The demo script will load the NIDS-Net segmentation results from ./demo/ros/ and estimate the 6D pose of labeled objects in the mask. Results will be saved under ./demo/ros/:

ob_in_cam_poses_vis.png: the rendered poses of the objects in the camera frame.
ob_in_cam_poses.npz: the estimated 6D poses of the objects in the camera frame.

python ~/code/tools/test_nidsnet_and_fdpose.py

Segmentation Mask	Rendered Pose

6. Run the Demos in Gazebo Simulation

6.1 Prepare the Fetch Gazebo Simulation

Terminal 1: Start the ROS master (if not already running)

roscore

Terminal 2: Start the Fetch Gazebo simulation

roslaunch ~/code/config/launch/just_robot.launch

Terminal 3: Start the MoveIt Planning Interface

roslaunch ~/code/config/launch/moveit_sim.launch

Terminal 4: Start Rviz

rviz -d ~/code/config/rviz/grasp_sim.rviz

6.2 Terminal 5: Run the Fetch Grasping Simulation with Groundtruth Poses

python ~/code/tools/fetch_grasp_sim.py --pose_method gazebo

The fetch_grasp_sim.py script will execute below tasks:

Lift the Fetch robot's torso and adjust the camera to look at the tabletop.
Create the tabletop scene in Gazebo with randomly placed YCB Cracker object.
Setup the MoveIt Scene and do motion planning for each object.
Once a FULL grasp is found, the Fetch robot will execute the grasping motion in below order:
- Reching to the target object.
- Grasp the object with the gripper.
- Move the gripper up to lift the object.
- Open the gripper to drop the object.
- Move the gripper back to the default position.

6.3 Terminal 5: Run the Fetch Grasping Simulation with NIDS-Net and FoundationPose

The fetch_grasp_sim.py script will estimate the 6D poses of the objects using NIDS-Net and FoundationPose instead of the Gazebo simulation ground truth poses.

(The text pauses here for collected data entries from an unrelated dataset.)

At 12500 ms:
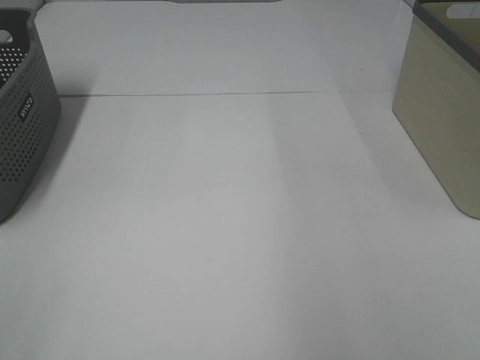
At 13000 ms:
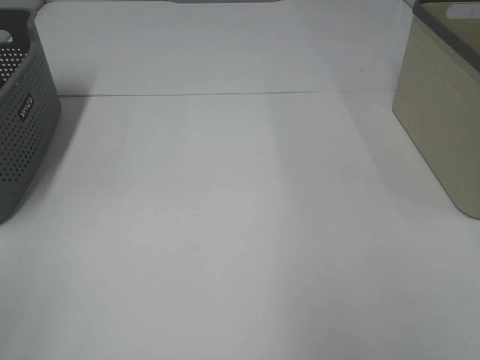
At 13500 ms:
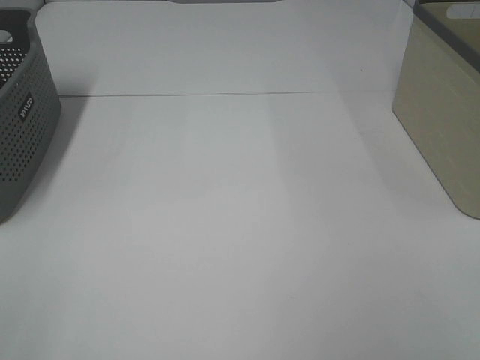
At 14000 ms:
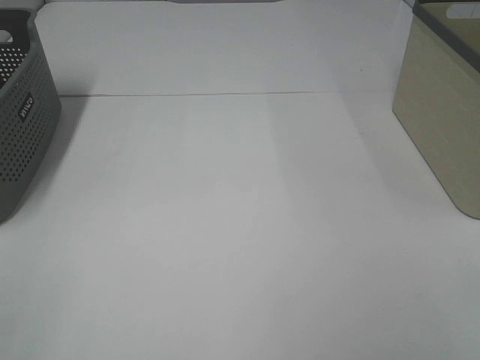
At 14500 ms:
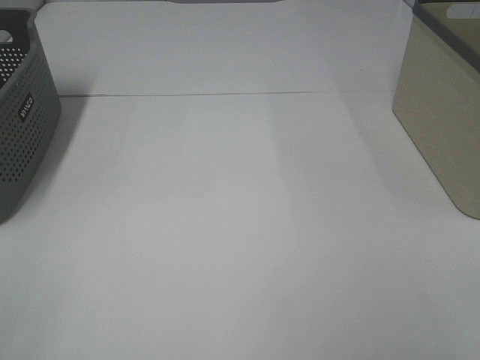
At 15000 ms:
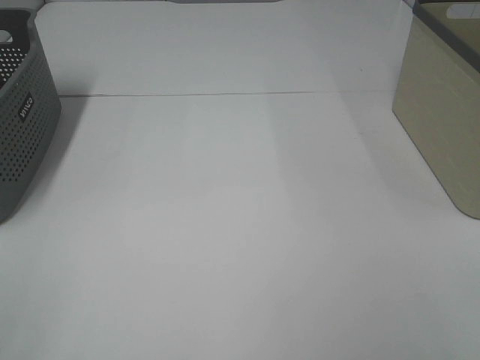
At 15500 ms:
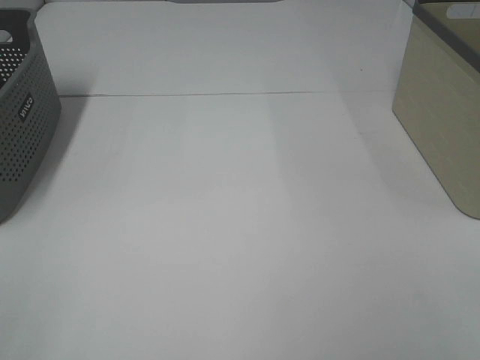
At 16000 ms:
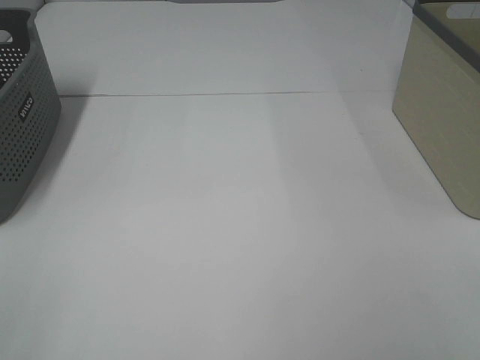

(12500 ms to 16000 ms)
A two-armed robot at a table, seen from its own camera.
14500 ms - 16000 ms: The two grippers keep their place.

python ~/code/tools/fetch_grasp_sim.py --pose_method fdpose

6.4 Terminal 5: Run the Image_Listener

The test_image_listenser.py script will execute below tasks:

Subscribe to the color and depth images published by the Fetch Gazebo simulation.
Segment the objects in the color image using NIDS-Net.
Estimate the 6D poses of the objects using FoundationPose.
Publish the rendered poses and segmentation visuals via ROS topics.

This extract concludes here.